### [Work instruction]
All of the entries are to be repeated exactly, with no pictures included.

Segment Start: Data for review

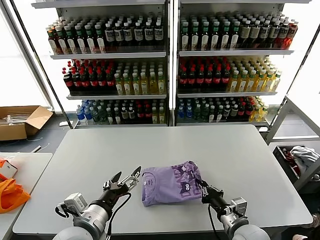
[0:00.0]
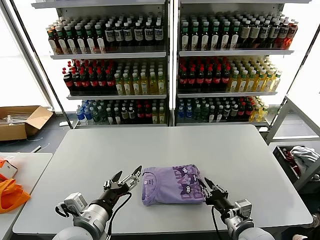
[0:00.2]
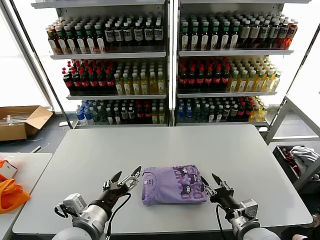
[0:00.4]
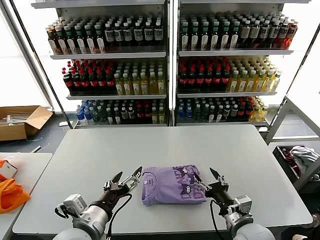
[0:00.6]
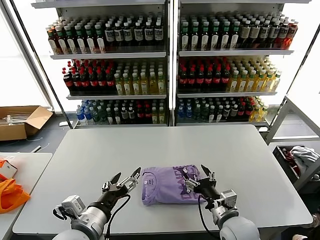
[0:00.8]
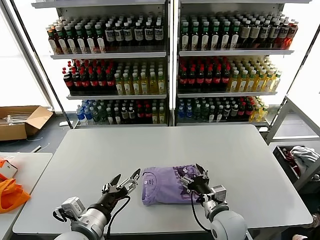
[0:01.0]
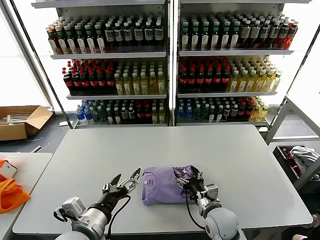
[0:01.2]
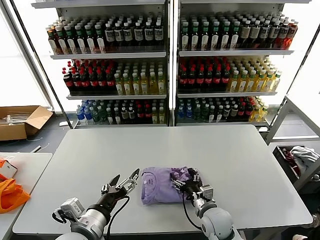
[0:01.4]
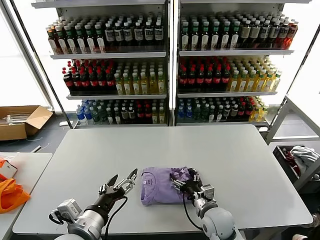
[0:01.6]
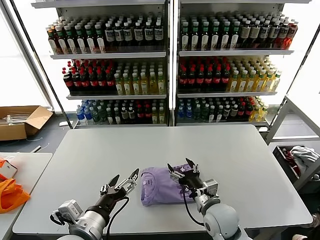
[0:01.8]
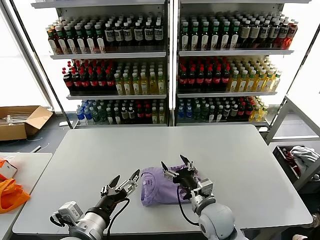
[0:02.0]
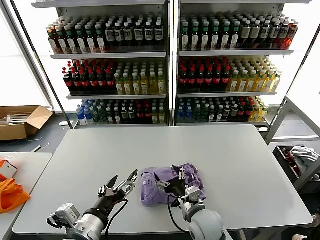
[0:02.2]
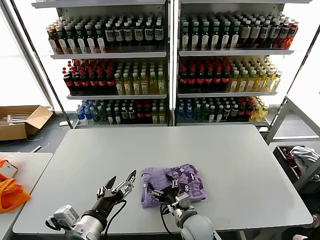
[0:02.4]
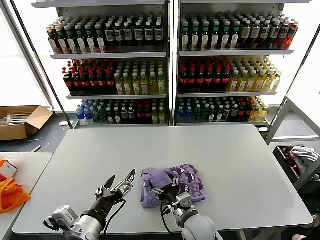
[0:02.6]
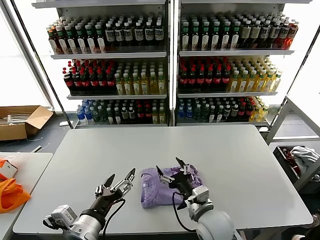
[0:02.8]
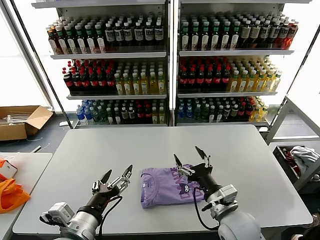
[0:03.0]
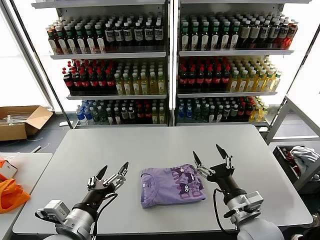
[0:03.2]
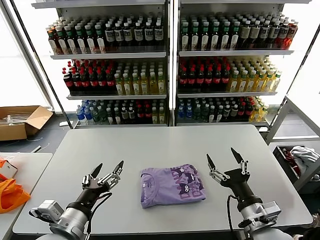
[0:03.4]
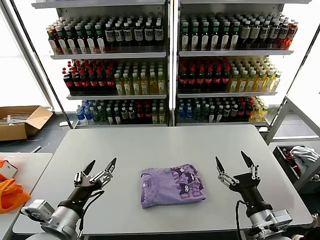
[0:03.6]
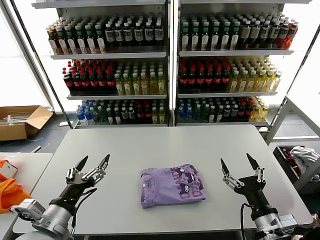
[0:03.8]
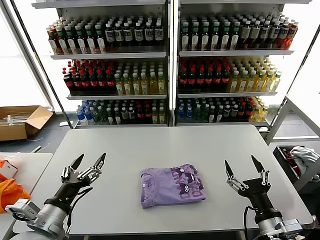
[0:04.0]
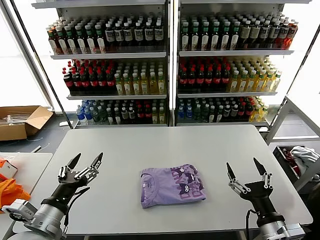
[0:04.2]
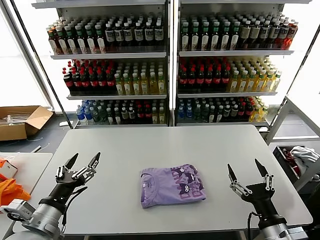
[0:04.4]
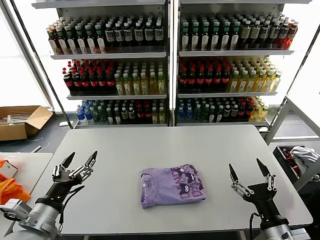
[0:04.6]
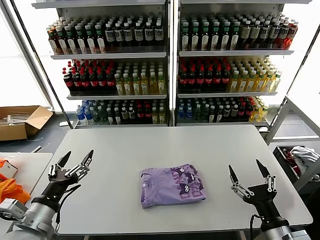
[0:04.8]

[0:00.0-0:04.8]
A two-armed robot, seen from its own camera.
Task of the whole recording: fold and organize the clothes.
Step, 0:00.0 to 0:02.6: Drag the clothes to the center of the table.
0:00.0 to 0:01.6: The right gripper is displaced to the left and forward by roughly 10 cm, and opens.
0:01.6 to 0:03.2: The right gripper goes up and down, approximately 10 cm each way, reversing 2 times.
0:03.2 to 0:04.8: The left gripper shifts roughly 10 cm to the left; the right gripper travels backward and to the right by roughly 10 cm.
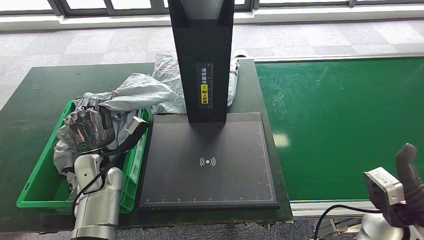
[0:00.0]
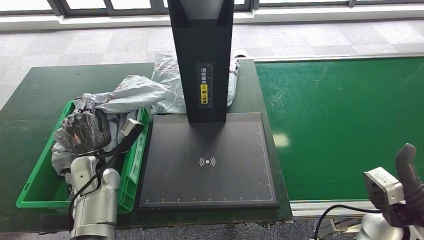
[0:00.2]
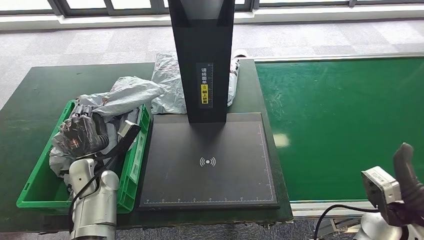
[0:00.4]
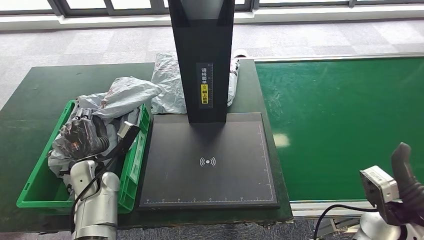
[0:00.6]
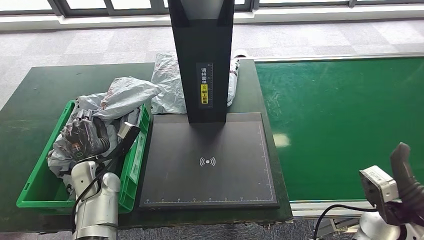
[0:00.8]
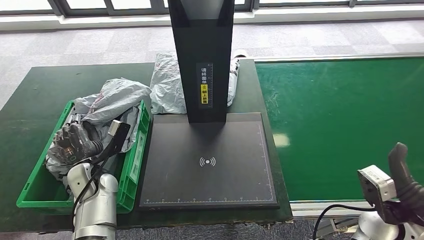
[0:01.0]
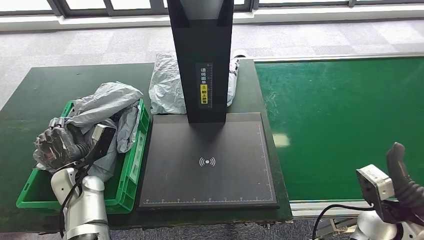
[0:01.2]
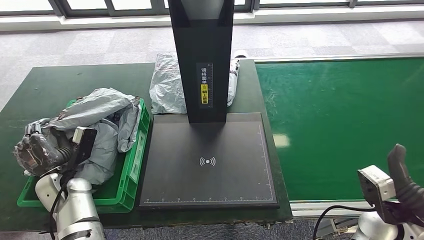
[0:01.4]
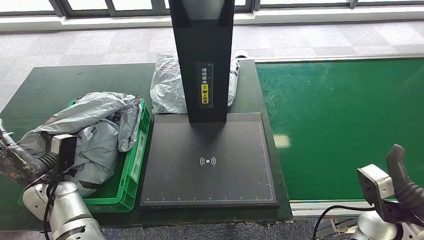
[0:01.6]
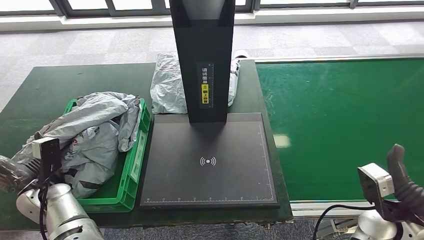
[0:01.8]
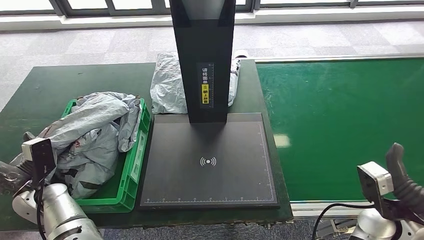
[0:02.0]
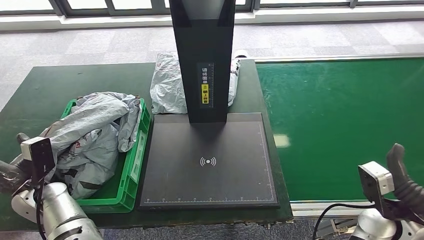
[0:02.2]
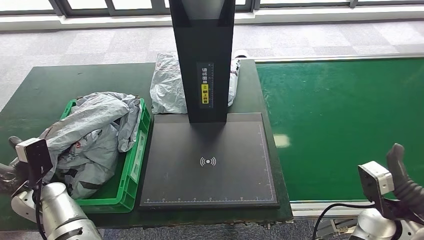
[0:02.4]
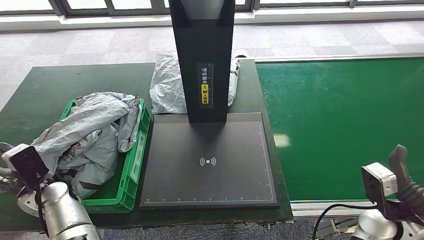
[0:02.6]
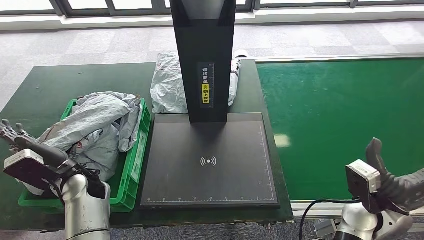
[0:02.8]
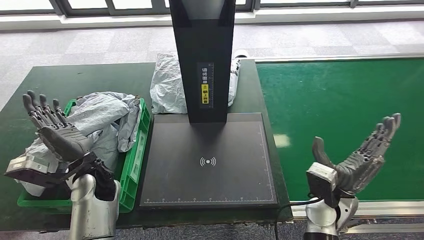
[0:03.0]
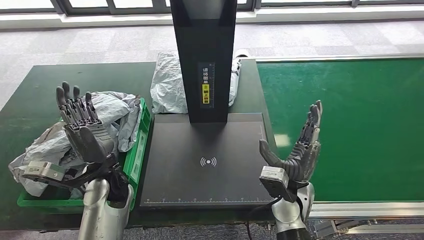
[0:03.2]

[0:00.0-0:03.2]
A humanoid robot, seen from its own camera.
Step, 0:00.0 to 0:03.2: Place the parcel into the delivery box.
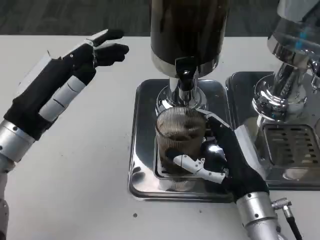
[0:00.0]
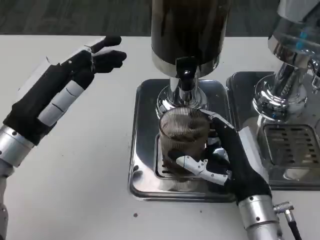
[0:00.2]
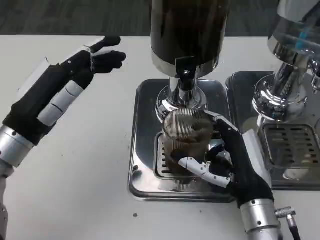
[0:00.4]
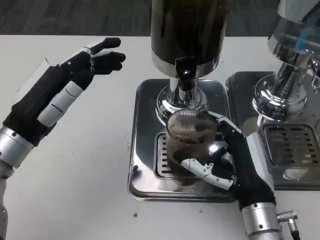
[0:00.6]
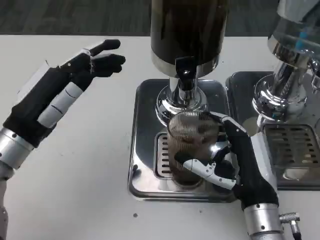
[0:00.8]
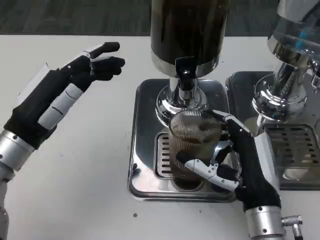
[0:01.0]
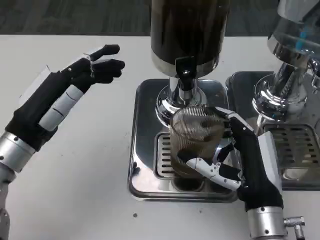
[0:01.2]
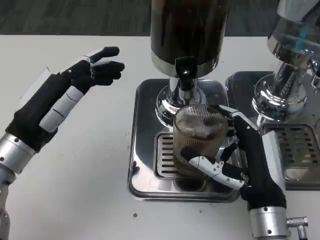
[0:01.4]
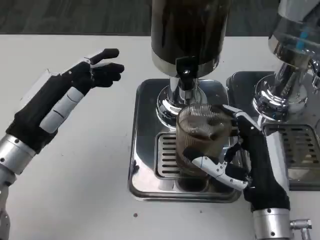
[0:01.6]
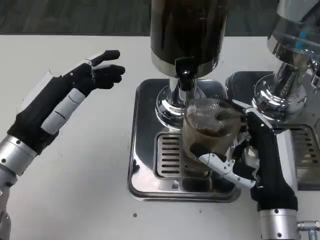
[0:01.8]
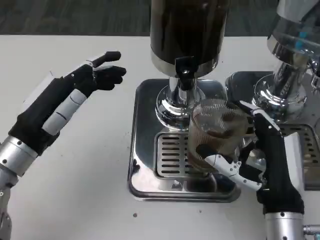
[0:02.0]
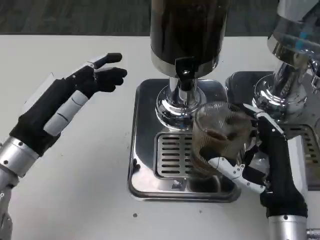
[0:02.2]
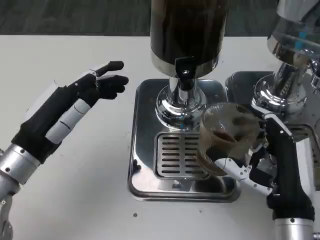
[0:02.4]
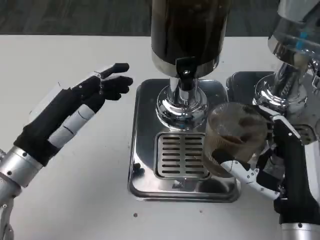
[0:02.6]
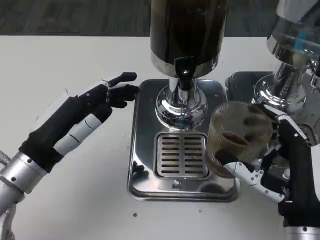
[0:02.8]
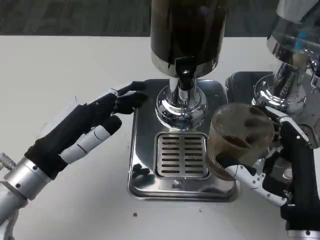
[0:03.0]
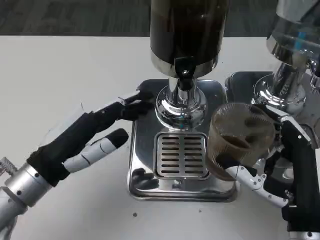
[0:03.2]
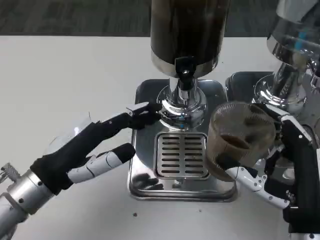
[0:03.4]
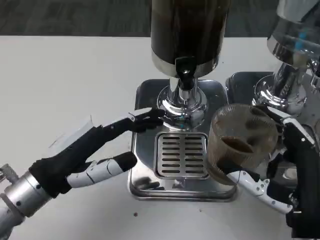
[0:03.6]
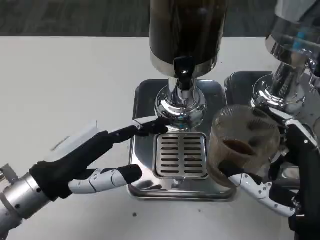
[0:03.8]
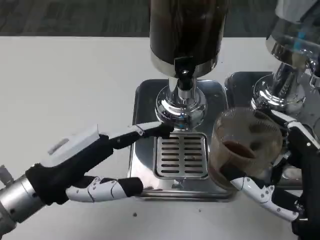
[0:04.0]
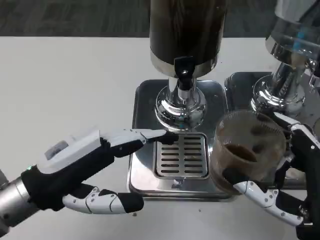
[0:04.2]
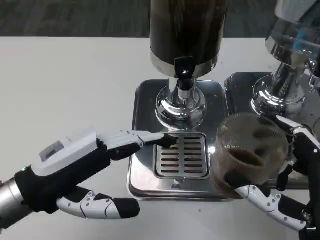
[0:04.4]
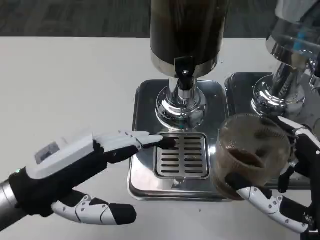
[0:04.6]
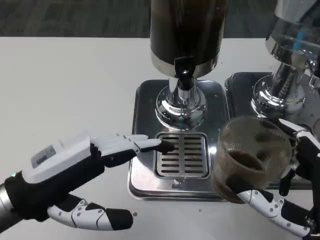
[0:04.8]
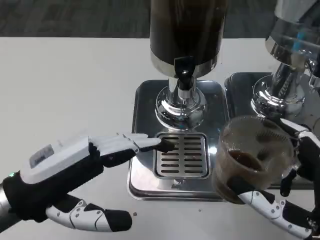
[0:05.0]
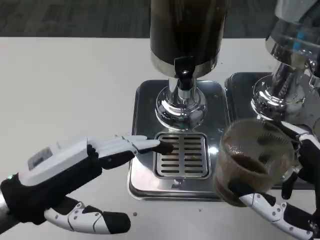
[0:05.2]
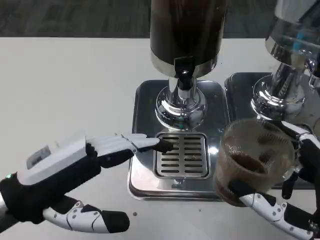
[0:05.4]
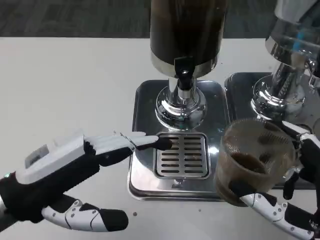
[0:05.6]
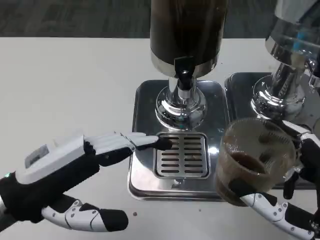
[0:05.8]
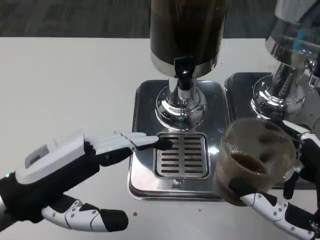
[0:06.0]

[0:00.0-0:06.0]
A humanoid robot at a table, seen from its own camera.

Segment End: Data for review

### [Exercise solution]
[0:00.0]
[0:00.2]
[0:00.4]
[0:00.6]
[0:00.8]
[0:01.0]
[0:01.2]
[0:01.4]
[0:01.6]
[0:01.8]
[0:02.0]
[0:02.2]
[0:02.4]
[0:02.6]
[0:02.8]
[0:03.0]
[0:03.2]
[0:03.4]
[0:03.6]
[0:03.8]
[0:04.0]
[0:04.2]
[0:04.4]
[0:04.6]
[0:04.8]

[0:00.0-0:04.8]
A two-armed robot, seen from its own camera.
Task of the whole recording: fold and organize the clothes.
Step, 0:00.0 to 0:02.6: Drag the clothes to the center of the table.
0:00.0 to 0:01.6: The right gripper is displaced to the left and forward by roughly 10 cm, and opens.
0:01.6 to 0:03.2: The right gripper goes up and down, approximately 10 cm each way, reversing 2 times.
0:03.2 to 0:04.8: The left gripper shifts roughly 10 cm to the left; the right gripper travels backward and to the right by roughly 10 cm.
[0:00.0]
[0:00.2]
[0:00.4]
[0:00.6]
[0:00.8]
[0:01.0]
[0:01.2]
[0:01.4]
[0:01.6]
[0:01.8]
[0:02.0]
[0:02.2]
[0:02.4]
[0:02.6]
[0:02.8]
[0:03.0]
[0:03.2]

[0:00.0-0:03.2]
A humanoid robot, seen from its own camera.
Step, 0:00.0 to 0:03.2: Place the parcel into the delivery box.
[0:00.0]
[0:00.2]
[0:00.4]
[0:00.6]
[0:00.8]
[0:01.0]
[0:01.2]
[0:01.4]
[0:01.6]
[0:01.8]
[0:02.0]
[0:02.2]
[0:02.4]
[0:02.6]
[0:02.8]
[0:03.0]
[0:03.2]
[0:03.4]
[0:03.6]
[0:03.8]
[0:04.0]
[0:04.2]
[0:04.4]
[0:04.6]
[0:04.8]
[0:05.0]
[0:05.2]
[0:05.4]
[0:05.6]
[0:05.8]
[0:06.0]

[0:00.0-0:06.0]
A humanoid robot at a table, seen from its own camera.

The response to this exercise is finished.